As the law of Moore decelerates CPUs, committed graphics co-processors are capturing some of the slack. Just like GPUs are altering the game in intense learning and autonomous cars, the desktop PC powered with GPU might even instigate to maintain the pace with the traditional supercomputer for a part of supercomputer applications.
For example, a team of scientists from Russia is reporting this month that they have been successful to solve computational issues in nuclear physics with the use of an off-the-shelf, powerful PC incorporating a GPU. According to them, after fine-tuning the algorithms for GPUs, it was possible for them to run their calculations much swifter than the conventional, CPU-powered supercomputers that were used by others.
“I have no queries regarding that many other researchers across the globe could reach to similar results in their domains like seismology, geophysics, medical diagnostics, and more,” says Vladimir Kukulin, professor of theoretical physics at Lomonosov Moscow State University. “But only by linking two main ingredients – Reformulation of the entire issue and then by inventing some effectual method on how to parallelize the entire execution in multiples of even millions of free threads,” says Vladimir.
The major issue that the Kukulin’s team was encountering involved the wide calculations required to brief scattering problems in their domain – like when a single nucleon collides with a particle or any other nucleon generates a spray of particles and results in daughter nuclei. Such nuclear numerous-body trouble, Kukulin says, could need calculations involving matrices comprising millions of particles.

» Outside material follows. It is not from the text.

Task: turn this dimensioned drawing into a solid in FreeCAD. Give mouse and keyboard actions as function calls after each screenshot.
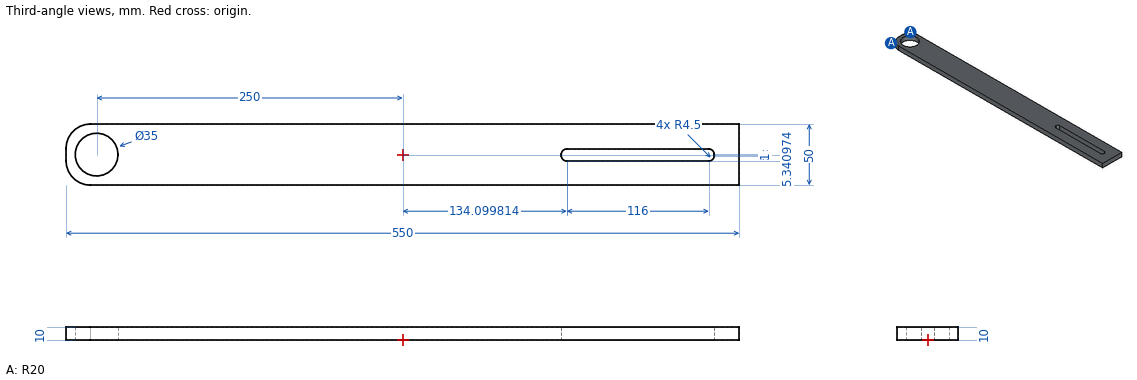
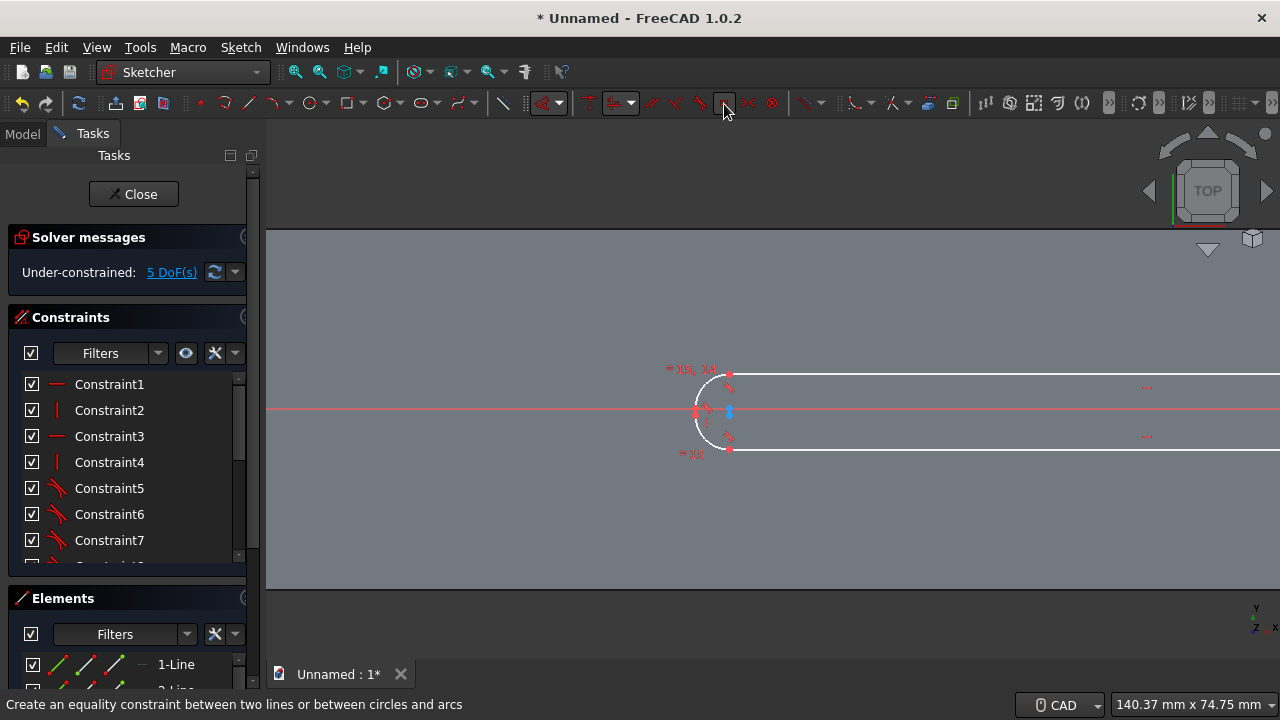
scroll(715, 379, down, 6)

Matrix Algebra with many moving parts can impasse a supercomputer. But, according to Kukulin, his team realized too, that calculations with huge matrices could intend independent threads of instructions to perform in parallel with numerous other similar threads. The parallelizability of his team’s nuclear calculations, in other terms, implies that it was a prime candidate for operating effectively on a GPU.

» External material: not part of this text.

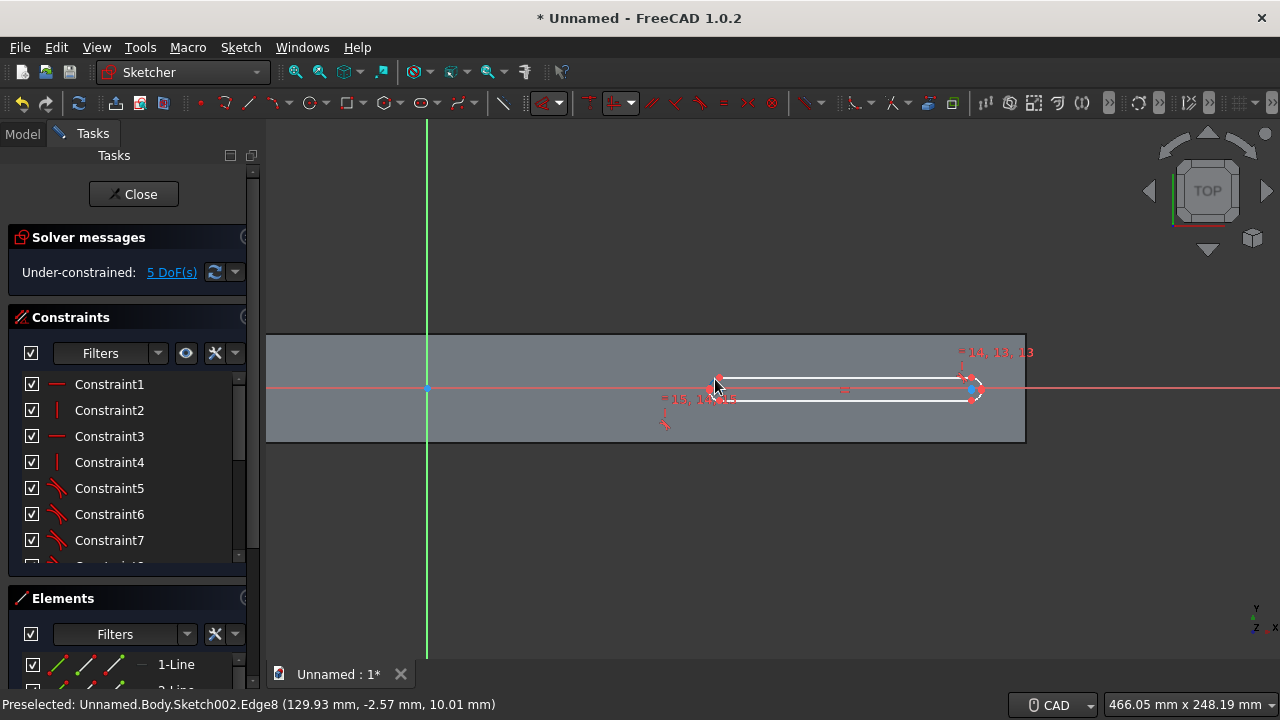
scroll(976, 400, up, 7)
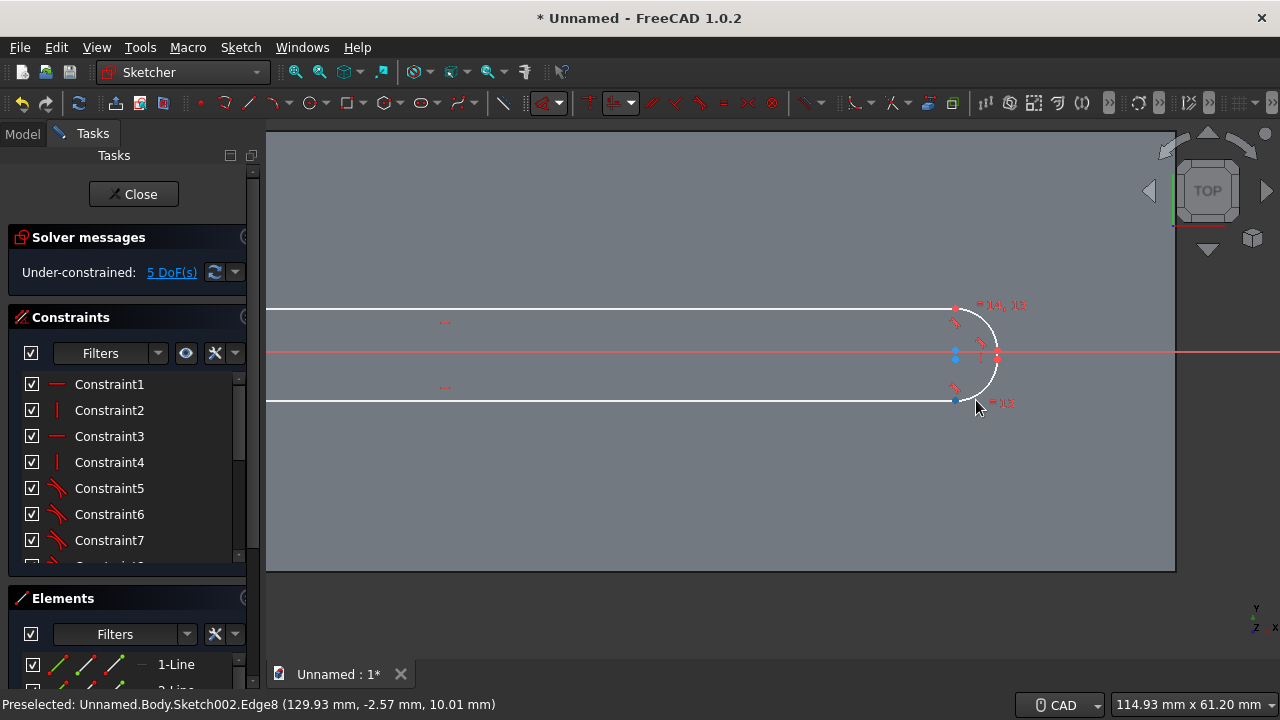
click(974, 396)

The GPU, basically introduced to handle matrix-bulky calculations required to generate real-time graphics, is discovering unexpected applications in some domains today, including molecular modelling, Bitcoin mining, and other similar applications. Kukulin says that the list of computational movements that the GPU can manage is a list that now contains nuclear physics, will only expand.
As a whole, he confirms that such problems that could borrow themselves to GPU supercomputing on the cost-effective are those who individual materials are not interlinked with each other. It is because interdependence implies that individual elements would have to pass through a regular logic passage, checking for each and every element’s current influence on other elements involved in the calculation.
“You must write your issues into a form that enables you to collectively parallelize,” he says. “It is essential to avoid by some means any conditional.”
According to Kukulin, 3D ultrasound imaging, a computer-based medical diagnostic division could be more extensively embraces if medical units require only a couple of thousand dollars for a desktop PC as against to numerous thousands of dollars for simple access to supercomputers. In the end, the troubles fit for speeding up the GPU need not only programming but also efficiency in the domain of application to figure out the precise way to such issues.